A selection of action codes for this system might look like those in Table 1. The last 32 bytes of a trace buffer for this system
might look as follows:
64 64 03 04 64 03 04 15 16 17 64 03 05 64 06 08
13 03 04 64 06 07 64 03 64 04 64 64 06 16 07 FF
If the system's trace buffer holds these values after an error occurs, you can analyze
the data to find out what went wrong. First, the FF value at the end of line 2 indicates
the end of the trace buffer's data. (This terminator is necessary, be-cause, when the
buffer is full, it "wraps around" to the beginning.) Three locations before the
FF end-of-buffer code is action code 06 (Table 1),
indicating that the signal-monitoring system detected a sequence containing Pattern 2.
Following the 06 is 16, indicating that the system received a command from the host PC to
unmask pattern 2. Finally, the code 07 indicates that the system detected the end of
pattern 2, but the program code still thought that pattern 2 was masked.
The trace-buffer sequence just described might indicate an error, depending on the
system specification. Assume that it is an error and that the signal-monitoring
system should have sent a code to the host PC to indicate the presence of pattern 2.
According to the trace-buffer sequence, you might suspect one of the following sources of
the error:
The host PC might be too slow to unmask the pattern and might be sending
the command to the monitor system too late.
The firmware in the monitor system might fail to recognize an unmask
command if it occurs simultaneously with the pattern to be unmasked.
If the monitor system's design should be able to handle unmask commands
during pattern detection, then the problem could be a race condition. The trace buffer
gives the appearance that the system received all commands in regularly spaced intervals.
But the command to unmask pattern 2 could have occurred immediately before detection of
the end of pattern 2. Suppose that the monitoring system writes the PC commands to the
trace buffer from an interrupt routine that processes the serial inputs.

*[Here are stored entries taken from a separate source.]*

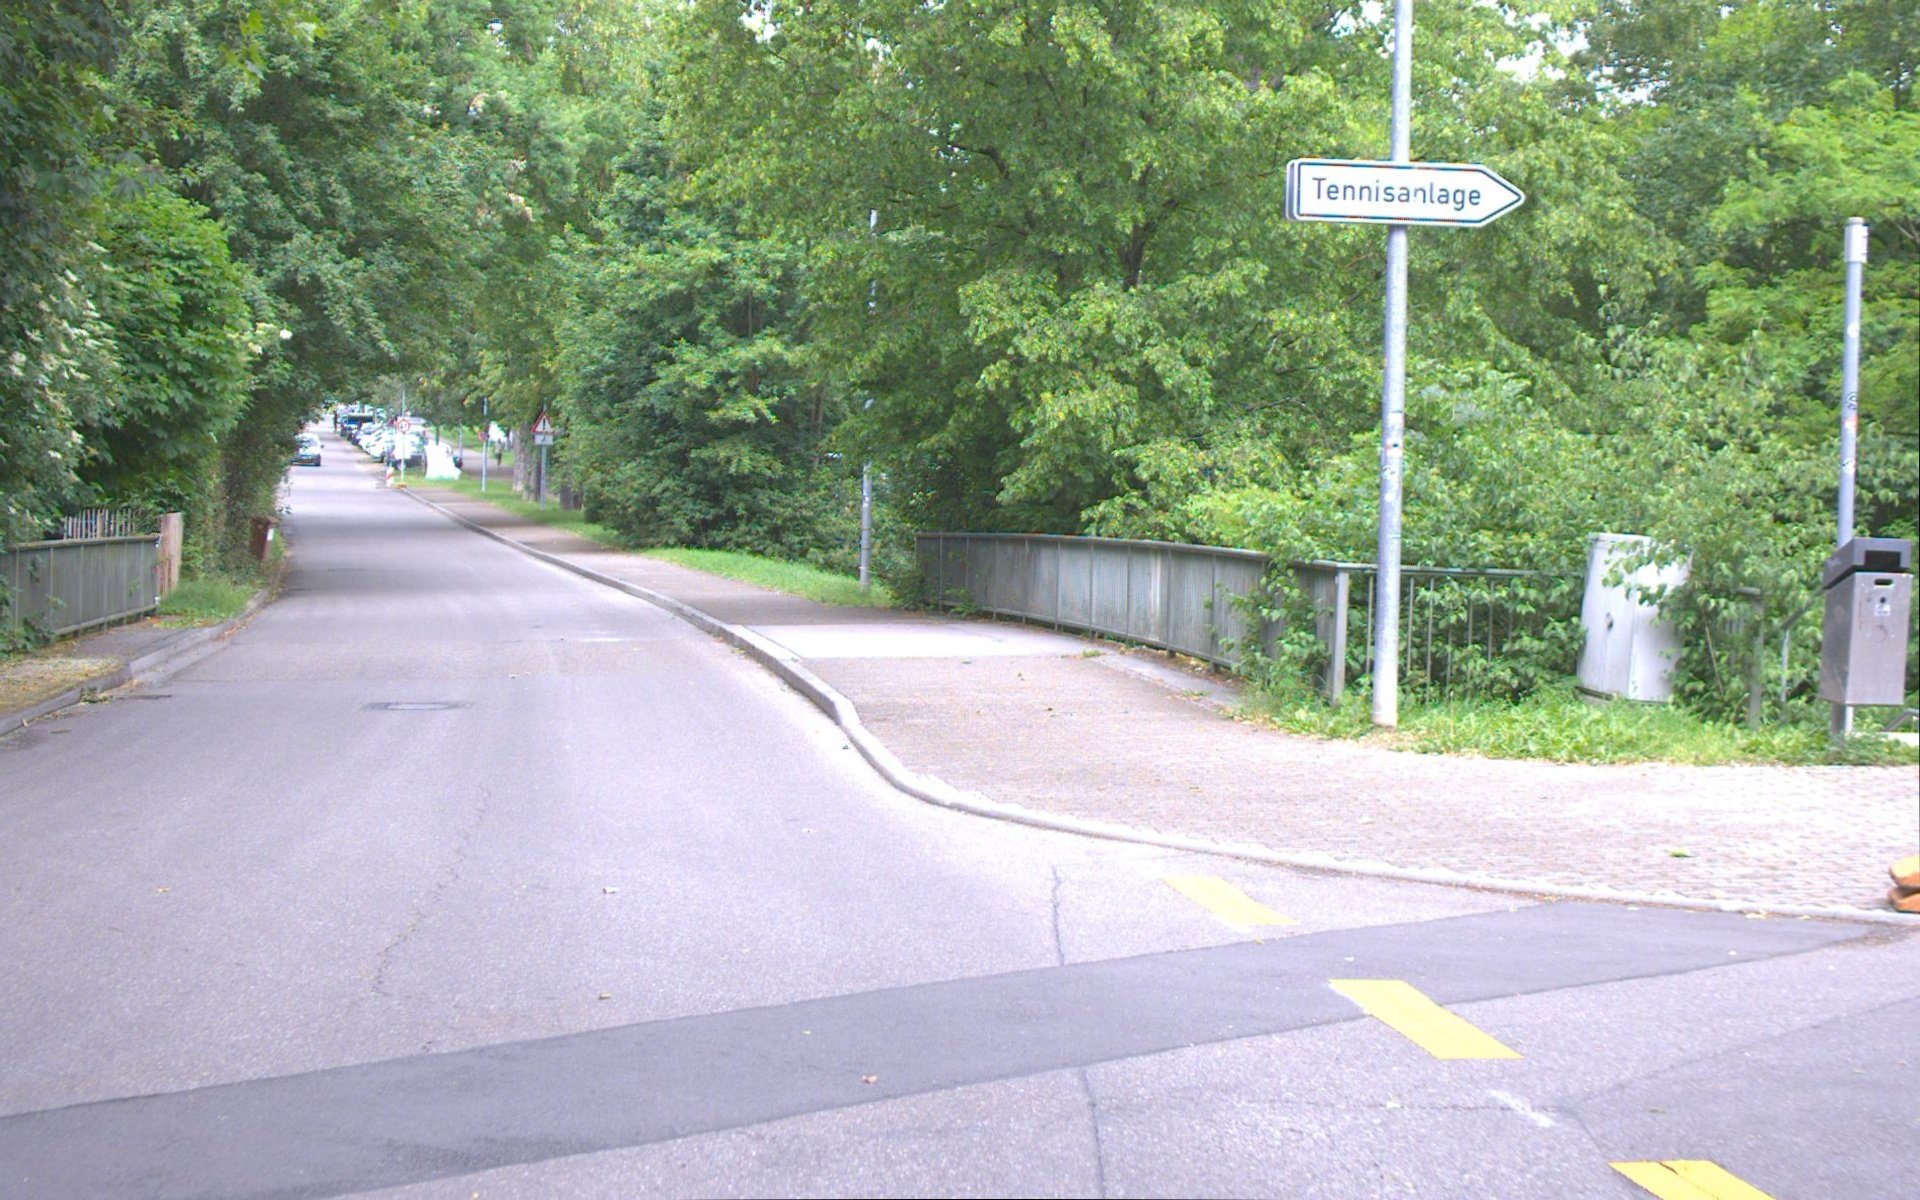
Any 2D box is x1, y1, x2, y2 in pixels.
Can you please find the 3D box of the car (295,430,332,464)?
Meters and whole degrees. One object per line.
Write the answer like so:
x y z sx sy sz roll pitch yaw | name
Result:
-36.845 -8.708 196.085 1.993 1.766 4.001 1 1 -10 | car

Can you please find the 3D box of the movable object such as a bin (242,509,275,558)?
-13.722 -1.299 67.248 0.590 0.954 0.470 1 1 -10 | movable object such as a bin

The unmask
command might have set a bit somewhere to indicate that pattern 2 is unmasked, but the
code might have already tested that bit and decided that the pattern was, in fact, masked.
Because the interrupt could have occurred just before writing the 07 code to the trace
buffer, this is a plausible explanation.
Expanding the trace buffer
Clearly, you might want to put more information in the trace buffer to track down
this hypothetical problem, and you could add commands that provide finer detail. For
example, if each of the three patterns that the system is seeking consists of 6 bytes, you
might put a value in the table when the system receives each byte. Then, you could see
just where in the detection of pattern 2 the system received the unmask command. If the
command arrived after the pattern's first or second byte, you might suspect a bug that
prevents proper application of an unmask command to a simultaneously detected pattern (the
second of the possibilities listed above). On the other hand, if the system received the
unmask command just before the last byte of the pattern, you might suspect that the PC is
too slow (the first possibility) or that a race condition exists (the third possibility).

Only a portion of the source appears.